◆ RAW DATA

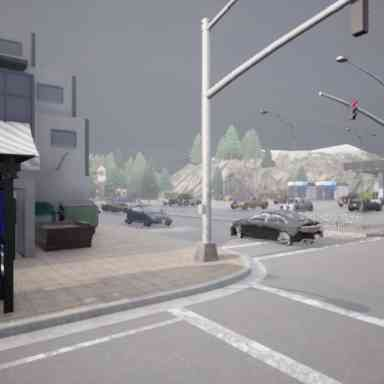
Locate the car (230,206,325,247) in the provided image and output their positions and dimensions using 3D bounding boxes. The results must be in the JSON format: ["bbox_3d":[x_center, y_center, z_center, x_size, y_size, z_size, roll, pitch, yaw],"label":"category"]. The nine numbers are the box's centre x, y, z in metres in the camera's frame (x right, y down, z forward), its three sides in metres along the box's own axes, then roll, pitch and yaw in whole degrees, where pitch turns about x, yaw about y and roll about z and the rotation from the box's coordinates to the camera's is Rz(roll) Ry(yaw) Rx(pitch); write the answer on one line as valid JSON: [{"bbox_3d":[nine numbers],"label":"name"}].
[{"bbox_3d":[3.957,1.698,16.259,2.128,1.511,4.902,-3,1,-36],"label":"car"}]

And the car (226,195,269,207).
[{"bbox_3d":[7.019,1.316,40.227,5.027,1.636,2.152,0,0,-36],"label":"car"}]

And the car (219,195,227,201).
[{"bbox_3d":[9.772,1.467,80.593,5.027,1.636,2.152,0,0,-36],"label":"car"}]

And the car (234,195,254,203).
[{"bbox_3d":[10.462,1.464,66.495,3.633,1.501,1.845,0,0,-36],"label":"car"}]

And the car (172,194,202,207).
[{"bbox_3d":[-0.454,1.240,50.613,3.866,1.878,1.905,0,0,-36],"label":"car"}]

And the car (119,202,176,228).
[{"bbox_3d":[-3.261,1.691,24.131,1.812,1.442,4.674,0,0,-36],"label":"car"}]

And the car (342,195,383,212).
[{"bbox_3d":[18.891,1.453,36.352,4.514,1.523,2.007,0,0,-36],"label":"car"}]

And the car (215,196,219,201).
[{"bbox_3d":[7.897,1.477,83.109,4.514,1.523,2.007,0,0,-36],"label":"car"}]

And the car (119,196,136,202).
[{"bbox_3d":[-13.229,1.537,67.895,3.633,1.501,1.845,0,0,-36],"label":"car"}]

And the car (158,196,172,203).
[{"bbox_3d":[-2.486,1.260,52.730,4.605,1.855,1.932,0,0,-36],"label":"car"}]

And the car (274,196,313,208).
[{"bbox_3d":[11.030,1.395,35.207,3.806,1.475,1.970,0,0,-36],"label":"car"}]

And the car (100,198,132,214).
[{"bbox_3d":[-9.085,1.717,38.377,1.837,1.490,4.892,0,0,-36],"label":"car"}]

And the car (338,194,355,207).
[{"bbox_3d":[22.962,1.243,47.833,4.605,1.855,1.932,0,0,-36],"label":"car"}]

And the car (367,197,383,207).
[{"bbox_3d":[29.823,1.498,52.816,3.806,1.475,1.970,0,0,-36],"label":"car"}]

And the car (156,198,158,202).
[{"bbox_3d":[-5.465,1.540,69.810,3.806,1.475,1.970,0,0,-36],"label":"car"}]

◆ TASK PROMPT
Keep only the lines from the line with "And the car (158,196,172,203)." to the end of the records above, and repeat them exactly.

◆ COMPLETED TASK
And the car (158,196,172,203).
[{"bbox_3d":[-2.486,1.260,52.730,4.605,1.855,1.932,0,0,-36],"label":"car"}]

And the car (274,196,313,208).
[{"bbox_3d":[11.030,1.395,35.207,3.806,1.475,1.970,0,0,-36],"label":"car"}]

And the car (100,198,132,214).
[{"bbox_3d":[-9.085,1.717,38.377,1.837,1.490,4.892,0,0,-36],"label":"car"}]

And the car (338,194,355,207).
[{"bbox_3d":[22.962,1.243,47.833,4.605,1.855,1.932,0,0,-36],"label":"car"}]

And the car (367,197,383,207).
[{"bbox_3d":[29.823,1.498,52.816,3.806,1.475,1.970,0,0,-36],"label":"car"}]

And the car (156,198,158,202).
[{"bbox_3d":[-5.465,1.540,69.810,3.806,1.475,1.970,0,0,-36],"label":"car"}]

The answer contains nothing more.